Increased control & pipeline as code
Having control over how the data is structured whilst being sinked allows you to optimize for specific use cases, workloads and read patterns by downstream applications (such as Snowflake or AWS Athena, Glue etc.) and cost. And you avoid having to build and deploy complex stream processing workloads prior to sending to S3.
Like all Stream Reactor and Kafka Connect connectors, the connector can be managed via your traditional deployment tools and frameworks or can be managed through Lenses. This adds a layer of RBAC, governance, auditing, error handling and monitoring to how to manage Kafka connectors.
The whole workload defined as Connect configuration & SQL helps you manage data pipelines as configuration and over GitOps.
S3 sink walkthrough
Let’s assume a scenario where we have records in a Kafka topic
backblaze_smart related to manufacturing process failures for certain products and events need to be stored in an S3 bucket.

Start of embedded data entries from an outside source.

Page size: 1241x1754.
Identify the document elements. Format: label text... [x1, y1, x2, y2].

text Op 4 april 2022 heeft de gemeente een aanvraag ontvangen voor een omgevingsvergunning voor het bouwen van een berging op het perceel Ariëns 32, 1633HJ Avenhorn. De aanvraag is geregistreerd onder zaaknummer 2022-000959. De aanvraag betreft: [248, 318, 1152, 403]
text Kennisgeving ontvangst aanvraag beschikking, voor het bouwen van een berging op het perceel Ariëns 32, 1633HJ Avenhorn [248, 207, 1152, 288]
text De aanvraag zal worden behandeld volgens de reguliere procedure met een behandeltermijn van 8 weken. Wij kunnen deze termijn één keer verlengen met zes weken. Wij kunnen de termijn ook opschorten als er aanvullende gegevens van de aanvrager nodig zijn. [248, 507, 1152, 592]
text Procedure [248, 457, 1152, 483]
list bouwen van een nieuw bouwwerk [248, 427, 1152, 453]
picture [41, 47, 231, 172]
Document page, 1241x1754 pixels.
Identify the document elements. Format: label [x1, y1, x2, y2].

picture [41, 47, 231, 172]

Downstream analytics solutions (such as AWS Athena) run by different Data teams for each model need access to this data.
For a read-performance and cost reason, the Data team asks that messages related to each model be partitioned into different objects within the S3 bucket and with a particular naming convention and placed in a
The KCQL we will use in our connector configuration is therefore:
connect.s3.kcql=INSERT INTO Manufacturing:manufacturing_failures SELECT serial_number, model, capacity_bytes, failure FROM backblaze_smart PARTITIONBY model STOREAS `Json` WITH_FLUSH_COUNT = 300
Setting the environment
Here's a walkthrough of testing out the connector. It will involve the following processes:
Creating an S3 Bucket
Creating an IAM role with access to bucket
Running the Lenses Box docker on EC2
Configuring the connector in Lenses Box with EC2 authentication.

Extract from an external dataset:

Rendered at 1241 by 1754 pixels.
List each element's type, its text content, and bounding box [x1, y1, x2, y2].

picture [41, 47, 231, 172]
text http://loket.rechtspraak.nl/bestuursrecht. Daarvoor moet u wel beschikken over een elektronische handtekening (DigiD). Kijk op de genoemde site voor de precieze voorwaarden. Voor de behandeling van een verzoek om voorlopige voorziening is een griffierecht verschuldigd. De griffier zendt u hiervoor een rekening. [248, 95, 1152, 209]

The Lenses.io Box is a free all-in-one Kafka + Lenses development docker. It’s a perfect environment for developing real-time applications and testing connectors and it comes with sample data.
If you prefer to use your own Lenses or Kafka Connect environment, you can download the connector from here and request a free trial of Lenses from lenses.io/start.
We will create an IAM role in order to configure EC2 authentication to access the S3 bucket. If you’re not running Lenses Box on an EC2 instance, this won’t be necessary but you’ll need to provide an Access and Secret key to write to S3 instead.
For this walkthrough, you should have the following prerequisites:
Access to the AWS management console with permissions to manage applications.
A host to run a docker container with 4GB RAM
Step 1: Create an S3 bucket
1. Sign in to the AWS Management Console and open the Amazon S3 console
2. Choose Create bucket.
3. In Bucket name, enter a name for your bucket <BUCKETNAME>. Do not use hyphens or other special characters. This is a requirement of the connector later.
4. Leave checked Block All Public Access and other settings as default.
5. Choose Create bucket
Take note of your AWS region of your bucket as you’ll need this later.
Step 2: Create an IAM role
For the EC2 authentication to work, you must create an IAM role before you can launch the instance that will run Kafka Connect (the Lenses Box docker is packaged with Kafka Connect).
With the IAM role created, it will be attached to an instance running Kafka Connect/Box.
Alternatively, if you will authenticate to the S3 bucket with AWS Secret and Access keys instead, follow the processes described here.
To create an IAM role using the IAM console
1. Open the IAM console
2. In the navigation pane, choose Roles, Create role.
3. On the Select role type page, choose EC2 and the EC2 use case. Choose Next: Permissions.
4. Choose Create policy to open the policy creation browser tab.
5. Open the JSON editor and paste the following policy, replacing the bucket name with the name of your bucket.
This policy allows access to the S3 bucket and also to the Kafka functions we will need later.
6. On the Review page, enter a name
S3DataAccessPolicy for the policy and choose Create policy.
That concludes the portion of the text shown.